→ **AIM OF THE TASK**
Leave the images behind and copy every record exactly.

^^^^^^^^^^^^^^^^

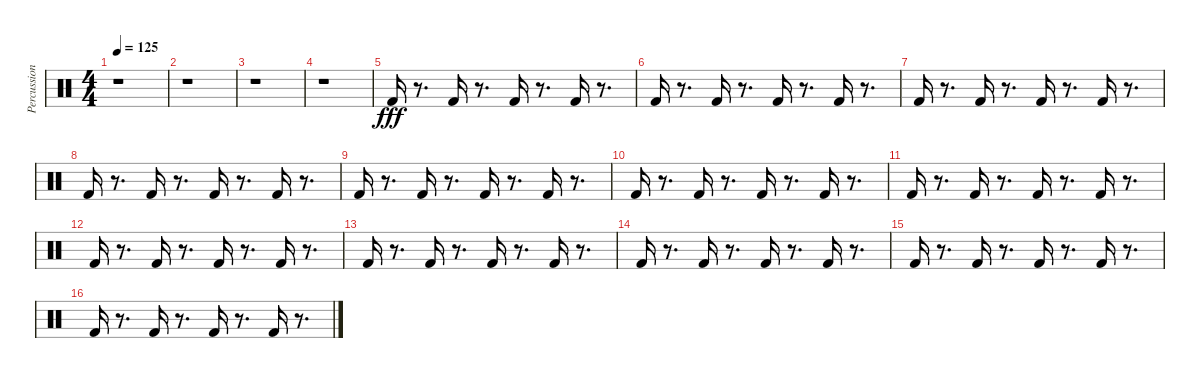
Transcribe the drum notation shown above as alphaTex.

\track ("Percussion" "Percussion") {instrument percussion}
\staff {score}
\articulation defaults
\ts (4 4)
\tempo 125
\clef neutral
\ks c
r.1{dy fff} |
r.1 |
r.1 |
r.1 |
"Kick (hit) 2".16 r.8{d} "Kick (hit) 2".16 r.8{d} "Kick (hit) 2".16 r.8{d} "Kick (hit) 2".16 r.8{d} |
"Kick (hit) 2".16 r.8{d} "Kick (hit) 2".16 r.8{d} "Kick (hit) 2".16 r.8{d} "Kick (hit) 2".16 r.8{d} |
"Kick (hit) 2".16 r.8{d} "Kick (hit) 2".16 r.8{d} "Kick (hit) 2".16 r.8{d} "Kick (hit) 2".16 r.8{d} |
"Kick (hit) 2".16 r.8{d} "Kick (hit) 2".16 r.8{d} "Kick (hit) 2".16 r.8{d} "Kick (hit) 2".16 r.8{d} |
"Kick (hit) 2".16 r.8{d} "Kick (hit) 2".16 r.8{d} "Kick (hit) 2".16 r.8{d} "Kick (hit) 2".16 r.8{d} |
"Kick (hit) 2".16 r.8{d} "Kick (hit) 2".16 r.8{d} "Kick (hit) 2".16 r.8{d} "Kick (hit) 2".16 r.8{d} |
"Kick (hit) 2".16 r.8{d} "Kick (hit) 2".16 r.8{d} "Kick (hit) 2".16 r.8{d} "Kick (hit) 2".16 r.8{d} |
"Kick (hit) 2".16 r.8{d} "Kick (hit) 2".16 r.8{d} "Kick (hit) 2".16 r.8{d} "Kick (hit) 2".16 r.8{d} |
"Kick (hit) 2".16 r.8{d} "Kick (hit) 2".16 r.8{d} "Kick (hit) 2".16 r.8{d} "Kick (hit) 2".16 r.8{d} |
"Kick (hit) 2".16 r.8{d} "Kick (hit) 2".16 r.8{d} "Kick (hit) 2".16 r.8{d} "Kick (hit) 2".16 r.8{d} |
"Kick (hit) 2".16 r.8{d} "Kick (hit) 2".16 r.8{d} "Kick (hit) 2".16 r.8{d} "Kick (hit) 2".16 r.8{d} |
"Kick (hit) 2".16 r.8{d} "Kick (hit) 2".16 r.8{d} "Kick (hit) 2".16 r.8{d} "Kick (hit) 2".16 r.8{d}

^^^^^^^^^^^^^^^^

→ **YOUR SOLUTION**
Transcribe the drum notation shown above as alphaTex.

\track ("Percussion" "Percussion") {instrument percussion}
\staff {score}
\articulation defaults
\ts (4 4)
\tempo 125
\clef neutral
\ks c
r.1{dy fff} |
r.1 |
r.1 |
r.1 |
"Kick (hit) 2".16 r.8{d} "Kick (hit) 2".16 r.8{d} "Kick (hit) 2".16 r.8{d} "Kick (hit) 2".16 r.8{d} |
"Kick (hit) 2".16 r.8{d} "Kick (hit) 2".16 r.8{d} "Kick (hit) 2".16 r.8{d} "Kick (hit) 2".16 r.8{d} |
"Kick (hit) 2".16 r.8{d} "Kick (hit) 2".16 r.8{d} "Kick (hit) 2".16 r.8{d} "Kick (hit) 2".16 r.8{d} |
"Kick (hit) 2".16 r.8{d} "Kick (hit) 2".16 r.8{d} "Kick (hit) 2".16 r.8{d} "Kick (hit) 2".16 r.8{d} |
"Kick (hit) 2".16 r.8{d} "Kick (hit) 2".16 r.8{d} "Kick (hit) 2".16 r.8{d} "Kick (hit) 2".16 r.8{d} |
"Kick (hit) 2".16 r.8{d} "Kick (hit) 2".16 r.8{d} "Kick (hit) 2".16 r.8{d} "Kick (hit) 2".16 r.8{d} |
"Kick (hit) 2".16 r.8{d} "Kick (hit) 2".16 r.8{d} "Kick (hit) 2".16 r.8{d} "Kick (hit) 2".16 r.8{d} |
"Kick (hit) 2".16 r.8{d} "Kick (hit) 2".16 r.8{d} "Kick (hit) 2".16 r.8{d} "Kick (hit) 2".16 r.8{d} |
"Kick (hit) 2".16 r.8{d} "Kick (hit) 2".16 r.8{d} "Kick (hit) 2".16 r.8{d} "Kick (hit) 2".16 r.8{d} |
"Kick (hit) 2".16 r.8{d} "Kick (hit) 2".16 r.8{d} "Kick (hit) 2".16 r.8{d} "Kick (hit) 2".16 r.8{d} |
"Kick (hit) 2".16 r.8{d} "Kick (hit) 2".16 r.8{d} "Kick (hit) 2".16 r.8{d} "Kick (hit) 2".16 r.8{d} |
"Kick (hit) 2".16 r.8{d} "Kick (hit) 2".16 r.8{d} "Kick (hit) 2".16 r.8{d} "Kick (hit) 2".16 r.8{d}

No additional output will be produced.